What is needed:
In the data below, find every line with the word "designed" and copy it out.

━━ Source data

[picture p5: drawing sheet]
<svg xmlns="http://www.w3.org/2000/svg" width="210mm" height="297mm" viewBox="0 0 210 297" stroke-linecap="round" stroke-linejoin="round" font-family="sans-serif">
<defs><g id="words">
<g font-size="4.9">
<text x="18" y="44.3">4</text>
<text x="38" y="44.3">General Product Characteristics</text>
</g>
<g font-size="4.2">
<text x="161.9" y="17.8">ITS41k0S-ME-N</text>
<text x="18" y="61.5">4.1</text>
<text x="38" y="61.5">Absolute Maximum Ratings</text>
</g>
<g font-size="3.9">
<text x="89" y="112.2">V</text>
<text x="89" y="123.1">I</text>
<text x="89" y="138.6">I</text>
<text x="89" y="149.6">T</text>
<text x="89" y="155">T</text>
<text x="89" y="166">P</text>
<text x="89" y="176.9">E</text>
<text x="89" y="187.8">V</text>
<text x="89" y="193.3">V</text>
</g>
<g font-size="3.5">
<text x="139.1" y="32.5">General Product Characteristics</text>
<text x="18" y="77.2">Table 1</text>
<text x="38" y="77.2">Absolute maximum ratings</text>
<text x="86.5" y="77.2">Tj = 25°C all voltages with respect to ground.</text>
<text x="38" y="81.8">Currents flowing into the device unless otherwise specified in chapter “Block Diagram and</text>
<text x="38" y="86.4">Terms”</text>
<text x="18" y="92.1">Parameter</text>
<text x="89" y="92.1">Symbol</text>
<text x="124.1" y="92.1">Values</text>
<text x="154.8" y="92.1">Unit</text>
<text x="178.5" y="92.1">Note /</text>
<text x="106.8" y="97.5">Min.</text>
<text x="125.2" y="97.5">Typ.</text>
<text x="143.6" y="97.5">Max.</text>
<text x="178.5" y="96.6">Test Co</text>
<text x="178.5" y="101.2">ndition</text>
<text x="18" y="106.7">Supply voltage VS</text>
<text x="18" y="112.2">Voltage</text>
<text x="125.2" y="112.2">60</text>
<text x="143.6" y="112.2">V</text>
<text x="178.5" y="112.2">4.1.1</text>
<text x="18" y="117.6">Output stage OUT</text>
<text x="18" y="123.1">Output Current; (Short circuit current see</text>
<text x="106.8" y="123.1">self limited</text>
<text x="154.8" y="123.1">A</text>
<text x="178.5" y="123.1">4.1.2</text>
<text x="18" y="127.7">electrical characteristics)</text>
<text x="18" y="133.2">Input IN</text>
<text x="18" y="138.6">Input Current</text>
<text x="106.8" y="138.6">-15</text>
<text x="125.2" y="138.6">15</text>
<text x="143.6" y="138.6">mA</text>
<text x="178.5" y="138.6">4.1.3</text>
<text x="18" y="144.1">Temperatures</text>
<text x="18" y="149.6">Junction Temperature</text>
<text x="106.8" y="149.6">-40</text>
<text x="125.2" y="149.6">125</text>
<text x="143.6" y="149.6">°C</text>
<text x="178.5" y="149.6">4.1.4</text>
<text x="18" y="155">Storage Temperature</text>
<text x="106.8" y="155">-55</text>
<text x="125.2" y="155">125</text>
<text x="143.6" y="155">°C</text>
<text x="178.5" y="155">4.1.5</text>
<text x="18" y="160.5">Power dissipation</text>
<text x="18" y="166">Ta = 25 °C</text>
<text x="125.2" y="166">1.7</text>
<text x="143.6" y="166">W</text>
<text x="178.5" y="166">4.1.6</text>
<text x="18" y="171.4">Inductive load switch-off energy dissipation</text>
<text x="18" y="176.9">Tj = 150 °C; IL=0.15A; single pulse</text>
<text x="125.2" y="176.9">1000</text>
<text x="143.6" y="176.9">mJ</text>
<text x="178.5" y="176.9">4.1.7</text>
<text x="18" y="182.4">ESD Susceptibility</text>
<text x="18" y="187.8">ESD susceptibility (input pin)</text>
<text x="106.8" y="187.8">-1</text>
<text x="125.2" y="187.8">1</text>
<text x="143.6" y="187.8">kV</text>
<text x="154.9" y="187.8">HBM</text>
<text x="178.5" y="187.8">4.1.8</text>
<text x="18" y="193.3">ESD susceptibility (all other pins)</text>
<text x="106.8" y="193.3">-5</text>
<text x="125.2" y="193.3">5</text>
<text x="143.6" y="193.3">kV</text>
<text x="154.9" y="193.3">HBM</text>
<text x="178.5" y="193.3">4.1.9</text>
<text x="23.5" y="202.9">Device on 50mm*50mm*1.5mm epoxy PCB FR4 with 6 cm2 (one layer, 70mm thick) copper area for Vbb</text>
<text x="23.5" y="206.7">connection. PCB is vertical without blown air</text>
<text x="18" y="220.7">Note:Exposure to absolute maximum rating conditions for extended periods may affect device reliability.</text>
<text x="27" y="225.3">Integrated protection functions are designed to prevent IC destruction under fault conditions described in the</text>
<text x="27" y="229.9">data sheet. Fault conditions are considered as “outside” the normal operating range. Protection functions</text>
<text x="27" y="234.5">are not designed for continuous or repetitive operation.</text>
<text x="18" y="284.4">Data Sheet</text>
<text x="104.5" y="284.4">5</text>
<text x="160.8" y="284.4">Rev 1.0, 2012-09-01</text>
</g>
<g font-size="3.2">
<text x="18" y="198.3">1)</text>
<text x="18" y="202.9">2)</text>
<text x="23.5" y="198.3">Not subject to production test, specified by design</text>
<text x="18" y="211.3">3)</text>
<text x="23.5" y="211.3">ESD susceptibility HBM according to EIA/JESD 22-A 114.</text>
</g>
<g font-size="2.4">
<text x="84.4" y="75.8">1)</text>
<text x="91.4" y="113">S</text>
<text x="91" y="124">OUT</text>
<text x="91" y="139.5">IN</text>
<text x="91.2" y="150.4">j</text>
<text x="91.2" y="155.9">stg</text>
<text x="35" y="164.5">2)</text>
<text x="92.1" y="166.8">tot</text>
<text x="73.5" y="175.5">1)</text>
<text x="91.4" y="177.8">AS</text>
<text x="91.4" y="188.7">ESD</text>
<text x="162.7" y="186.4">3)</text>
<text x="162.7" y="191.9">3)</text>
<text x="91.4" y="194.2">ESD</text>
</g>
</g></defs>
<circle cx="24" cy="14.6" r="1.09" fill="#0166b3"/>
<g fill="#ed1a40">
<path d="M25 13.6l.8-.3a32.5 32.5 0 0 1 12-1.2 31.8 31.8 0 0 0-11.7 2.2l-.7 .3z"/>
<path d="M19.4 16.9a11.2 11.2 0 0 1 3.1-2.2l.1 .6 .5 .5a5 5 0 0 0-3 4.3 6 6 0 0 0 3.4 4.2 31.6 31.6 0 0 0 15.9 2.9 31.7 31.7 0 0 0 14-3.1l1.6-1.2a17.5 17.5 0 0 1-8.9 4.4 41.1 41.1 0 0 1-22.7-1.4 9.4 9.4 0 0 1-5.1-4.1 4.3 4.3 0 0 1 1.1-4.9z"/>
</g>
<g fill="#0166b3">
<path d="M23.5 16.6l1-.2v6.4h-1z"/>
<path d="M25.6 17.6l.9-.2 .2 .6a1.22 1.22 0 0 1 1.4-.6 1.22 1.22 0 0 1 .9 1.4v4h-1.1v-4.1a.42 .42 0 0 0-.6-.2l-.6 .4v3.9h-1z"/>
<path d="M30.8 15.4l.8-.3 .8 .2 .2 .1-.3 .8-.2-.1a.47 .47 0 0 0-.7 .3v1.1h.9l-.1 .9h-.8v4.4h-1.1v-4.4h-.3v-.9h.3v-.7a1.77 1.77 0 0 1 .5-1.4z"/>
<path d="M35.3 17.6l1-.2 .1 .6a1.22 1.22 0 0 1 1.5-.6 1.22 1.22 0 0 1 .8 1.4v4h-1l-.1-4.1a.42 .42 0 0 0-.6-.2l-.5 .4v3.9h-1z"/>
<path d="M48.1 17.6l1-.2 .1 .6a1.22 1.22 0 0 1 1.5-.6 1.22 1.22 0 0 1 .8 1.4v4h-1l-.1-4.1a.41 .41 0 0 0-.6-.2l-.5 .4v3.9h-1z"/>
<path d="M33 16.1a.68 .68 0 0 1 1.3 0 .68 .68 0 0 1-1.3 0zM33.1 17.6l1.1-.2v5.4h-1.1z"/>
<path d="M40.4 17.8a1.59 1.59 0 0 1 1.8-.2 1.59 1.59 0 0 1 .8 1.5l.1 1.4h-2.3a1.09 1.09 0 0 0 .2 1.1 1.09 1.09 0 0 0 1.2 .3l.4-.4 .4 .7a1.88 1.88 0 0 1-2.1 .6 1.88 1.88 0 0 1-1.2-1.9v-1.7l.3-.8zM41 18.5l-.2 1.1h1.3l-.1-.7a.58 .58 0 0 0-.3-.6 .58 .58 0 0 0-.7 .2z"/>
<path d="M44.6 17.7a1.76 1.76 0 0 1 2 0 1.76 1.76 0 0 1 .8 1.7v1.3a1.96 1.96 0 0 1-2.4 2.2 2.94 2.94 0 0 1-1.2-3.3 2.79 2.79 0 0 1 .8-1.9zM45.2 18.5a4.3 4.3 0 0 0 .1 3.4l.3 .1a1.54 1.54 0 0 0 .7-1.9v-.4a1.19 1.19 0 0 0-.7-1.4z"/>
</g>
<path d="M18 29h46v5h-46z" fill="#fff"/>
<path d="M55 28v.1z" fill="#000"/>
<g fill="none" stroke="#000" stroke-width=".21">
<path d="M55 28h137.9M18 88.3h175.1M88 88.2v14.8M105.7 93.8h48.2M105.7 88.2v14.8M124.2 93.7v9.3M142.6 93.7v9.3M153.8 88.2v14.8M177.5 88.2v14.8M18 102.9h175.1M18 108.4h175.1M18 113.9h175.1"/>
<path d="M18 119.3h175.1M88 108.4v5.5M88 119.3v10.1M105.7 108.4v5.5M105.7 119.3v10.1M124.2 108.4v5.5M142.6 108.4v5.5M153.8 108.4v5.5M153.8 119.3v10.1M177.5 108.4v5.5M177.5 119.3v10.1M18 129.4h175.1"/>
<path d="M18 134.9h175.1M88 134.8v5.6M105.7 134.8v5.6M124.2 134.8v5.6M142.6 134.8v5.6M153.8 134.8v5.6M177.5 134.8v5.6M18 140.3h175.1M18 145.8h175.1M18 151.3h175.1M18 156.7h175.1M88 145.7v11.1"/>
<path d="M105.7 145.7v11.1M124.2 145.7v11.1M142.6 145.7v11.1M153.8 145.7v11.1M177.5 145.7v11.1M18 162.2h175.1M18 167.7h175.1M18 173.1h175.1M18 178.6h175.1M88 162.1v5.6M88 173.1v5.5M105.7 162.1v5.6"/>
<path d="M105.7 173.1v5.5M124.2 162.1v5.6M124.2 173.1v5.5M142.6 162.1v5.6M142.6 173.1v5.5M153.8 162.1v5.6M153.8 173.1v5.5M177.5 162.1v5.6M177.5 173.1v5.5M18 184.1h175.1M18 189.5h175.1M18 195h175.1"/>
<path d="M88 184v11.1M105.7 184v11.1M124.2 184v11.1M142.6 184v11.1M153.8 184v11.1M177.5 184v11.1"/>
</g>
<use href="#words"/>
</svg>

━━━━

Task answer:
<text x="27" y="225.3">Integrated protection functions are designed to prevent IC destruction under fault conditions described in the</text>
<text x="27" y="234.5">are not designed for continuous or repetitive operation.</text>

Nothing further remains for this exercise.